David trabajó duro y por mucho tiempo. Trabajaba desde las primeras horas de la mañana y
durante las horas calurosas del sol de mediodía. Gradualmente su castillo de arena empezaba a
cobrar formas. El cavó una profunda hondonada para proteger a su castillo de cualquier
"invasor".
El construyó una imponente fortaleza con gran despliegue de consistencia. Yañadió altas y
firmes torres, adornadas con multicolores banderas que brillaban y que flotaban gallardamente
al ritmo de la suave brisa marina.
Estaba David tan absorto en su labor que no se dio cuenta de que el sol estaba lentamente
desapareciendo en el horizonte. Ignoró las nubes negras que estaban formándose y no prestó
atención a la marea que inexorablemente se acercaba más y más.

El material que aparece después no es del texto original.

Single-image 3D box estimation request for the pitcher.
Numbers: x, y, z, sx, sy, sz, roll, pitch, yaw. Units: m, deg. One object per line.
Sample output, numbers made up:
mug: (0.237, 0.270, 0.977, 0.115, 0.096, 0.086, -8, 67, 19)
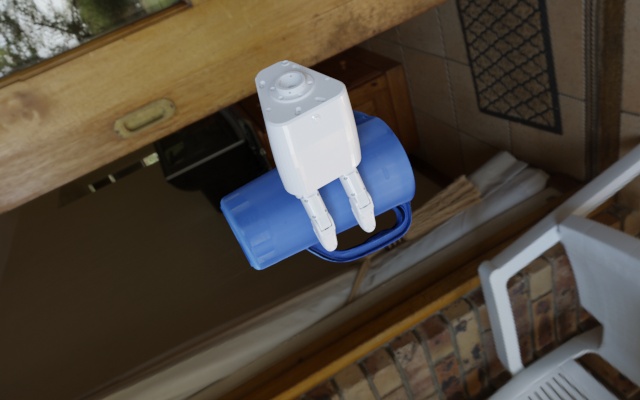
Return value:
pitcher: (0.000, 0.002, 0.647, 0.243, 0.145, 0.149, -28, 49, -11)
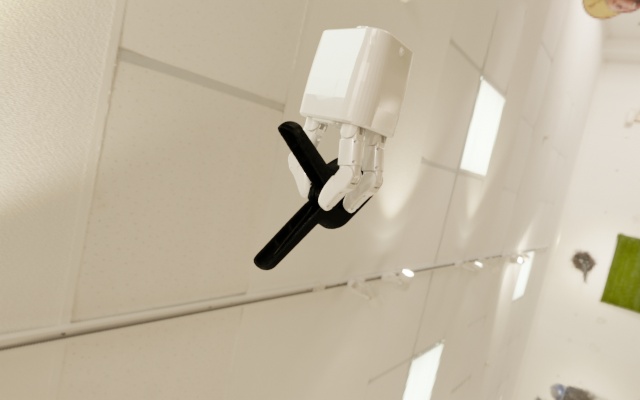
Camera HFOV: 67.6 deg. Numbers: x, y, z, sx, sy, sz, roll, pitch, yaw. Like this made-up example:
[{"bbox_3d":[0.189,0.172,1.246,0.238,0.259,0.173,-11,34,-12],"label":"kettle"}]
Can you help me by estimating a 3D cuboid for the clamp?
[{"bbox_3d":[0.000,0.001,0.582,0.036,0.164,0.210,21,8,33],"label":"clamp"}]
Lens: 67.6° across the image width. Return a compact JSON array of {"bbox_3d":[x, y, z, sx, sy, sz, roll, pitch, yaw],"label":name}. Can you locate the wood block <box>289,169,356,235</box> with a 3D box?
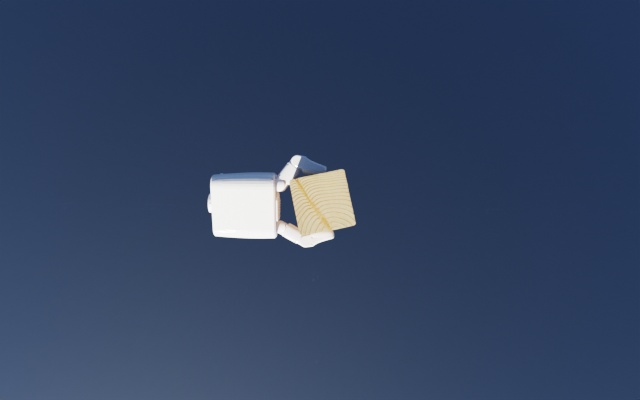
[{"bbox_3d":[0.000,0.003,0.835,0.090,0.091,0.206,-11,1,-2],"label":"wood block"}]
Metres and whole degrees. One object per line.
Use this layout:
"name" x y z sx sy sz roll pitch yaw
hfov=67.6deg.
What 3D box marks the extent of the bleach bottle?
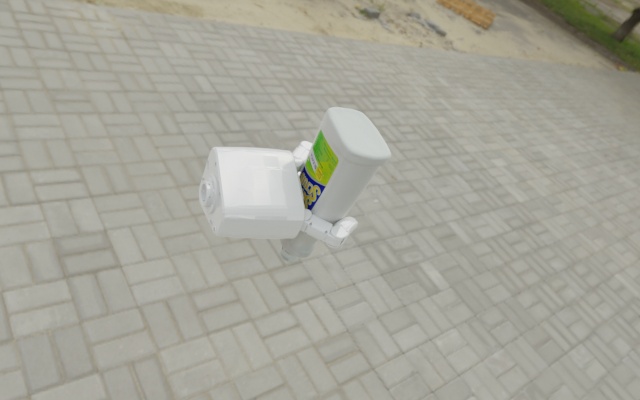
"bleach bottle" 0.000 0.002 0.652 0.068 0.102 0.251 2 -46 -29
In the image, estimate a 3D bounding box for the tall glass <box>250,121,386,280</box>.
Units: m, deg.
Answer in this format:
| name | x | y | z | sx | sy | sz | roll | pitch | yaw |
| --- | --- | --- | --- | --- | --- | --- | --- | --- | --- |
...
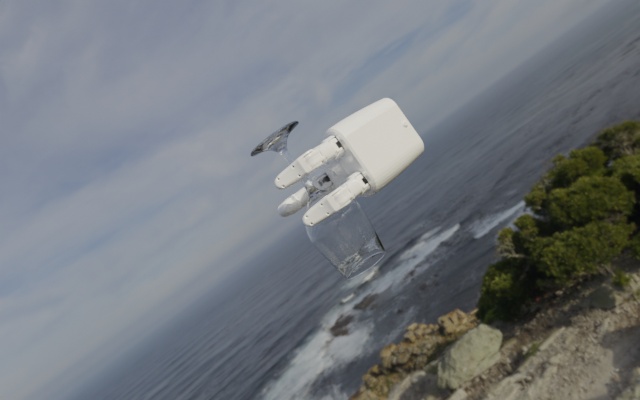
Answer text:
| name | x | y | z | sx | sy | sz | roll | pitch | yaw |
| --- | --- | --- | --- | --- | --- | --- | --- | --- | --- |
| tall glass | 0.000 | 0.002 | 0.604 | 0.079 | 0.201 | 0.079 | -35 | 1 | 0 |

Finalmente ocurrió lo inevitable. Las aguas crecieron sobre la orilla y de pronto un fuerte
torrente de olas se despeñó contra su cuidadosamente construida hondonada y barrió después
con el castillo de sus sueños. David se detuvo allí, arena y agua corriendo por sus dedos,
mirando con triste incredulidad cómo su formidable castillo había desaparecido en la misma
arena de la que estaba construido. Las torres se habían derrumbado, el foso había sido anegado y
las banderas yacían mustias en la arena.
¿Una triste historia? Quizás. Pero nunca tan triste como el hecho de que esa historia refleja
la era en la que estamos viviendo. Como David, nosotros estamos muy ocupados en el
compromiso de construir los castillos de arena de nuestros propios sueños. Y parecemos estar
completamente ajenos al sol que se oculta, a las nubes que se forman y a la cercanía inexorable
de las olas.
Sin duda la ola más destructiva que se ha lanzado contra las ya erosionadas arenas de
nuestra cultura es la fuerza de la marea que ha barrido a Norteamérica desde la "era de Piséis"

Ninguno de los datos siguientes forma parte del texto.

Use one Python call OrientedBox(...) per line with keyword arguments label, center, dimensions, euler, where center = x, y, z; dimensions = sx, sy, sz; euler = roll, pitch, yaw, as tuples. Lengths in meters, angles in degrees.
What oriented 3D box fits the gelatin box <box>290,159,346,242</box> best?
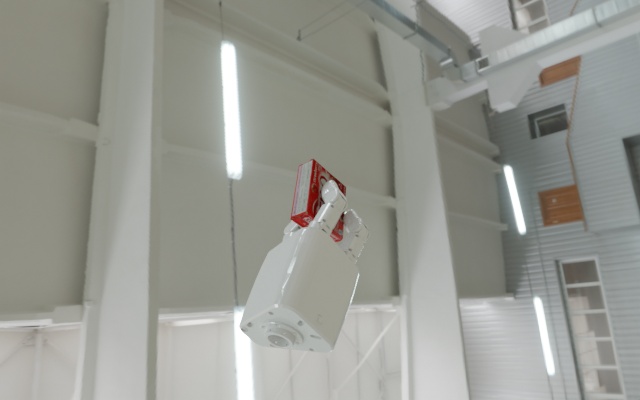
OrientedBox(label="gelatin box", center=(0.000, 0.002, 0.624), dimensions=(0.030, 0.089, 0.073), euler=(-22, -44, 33))
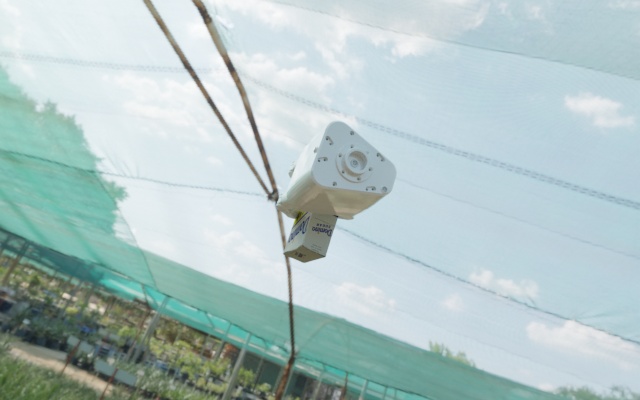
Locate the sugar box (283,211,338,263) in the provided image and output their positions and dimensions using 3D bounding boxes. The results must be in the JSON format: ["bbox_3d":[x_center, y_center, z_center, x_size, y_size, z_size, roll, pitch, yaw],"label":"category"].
[{"bbox_3d":[0.000,0.002,0.721,0.048,0.176,0.093,26,-21,-14],"label":"sugar box"}]
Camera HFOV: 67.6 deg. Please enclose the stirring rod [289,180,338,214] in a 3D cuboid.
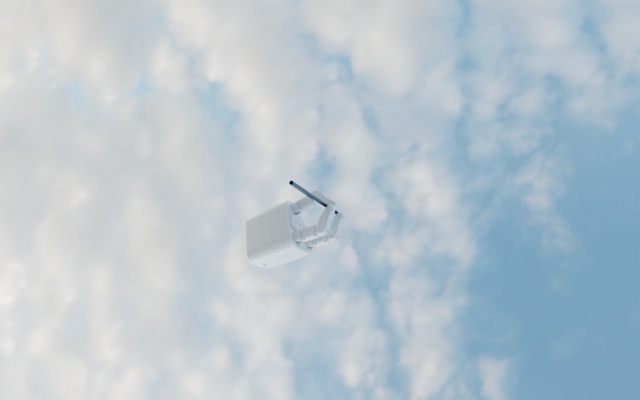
[{"bbox_3d":[0.000,0.003,0.888,0.011,0.011,0.239,0,-16,25],"label":"stirring rod"}]

(la supuesta era del cristianismo) hasta la llamada "era de Acuario".
Sin que se haya disparado un solo tiro, Norteamérica ha sido convertida a una nueva
religión, una religión en la cual la humanidad se ha promovido a sí misma a la altura de la
divinidad. Uno apenas puede olvidar la temeraria proclamación que en la película para la
televisión, Out on a Limb, hiciera Shirley MacLaine. Con sus brazos alargados hacia el cielo,
erguida en las costas de Malibú, gritó a toda voz, "!Yo soy Dios!"
Durante los últimos años, el misticismo oriental y el ocultismo, junto a multitudes de
grupos sectarios, han ganado un alarmante nivel de credibilidad en los Estados Unidos. De las
ciencias de la menta hasta el movimiento de la Nueva Era, los norteamericanos estamos siendo
constantemente bombardeados por la idea de que "todos somos uno, todo es Dios y el hombre es
Dios".
Uno pensaría que la gente que profesa el nombre de Cristo debería estar opuesta a
considerar tales sentimientos. Pero tristemente, eso no es actualmente cierto. Las ondas radiales
y televisivas están invadidas por una nueva legión de maestros religiosos que toman gran placer
en proclamar sus propias deidades, y todo mientras usan el nombre de Cristo.
Los maestros de la Fe gozosamente promueven esto y más. En su universo vuelto al revés,
el hombre es elevado a la deidad, mientras que DIOS es degradado al nivel de la servidumbre;
Satanás es exaltado a la órbita de Dios, mientras a Cristo lo hunden en las entrañas de la tierra.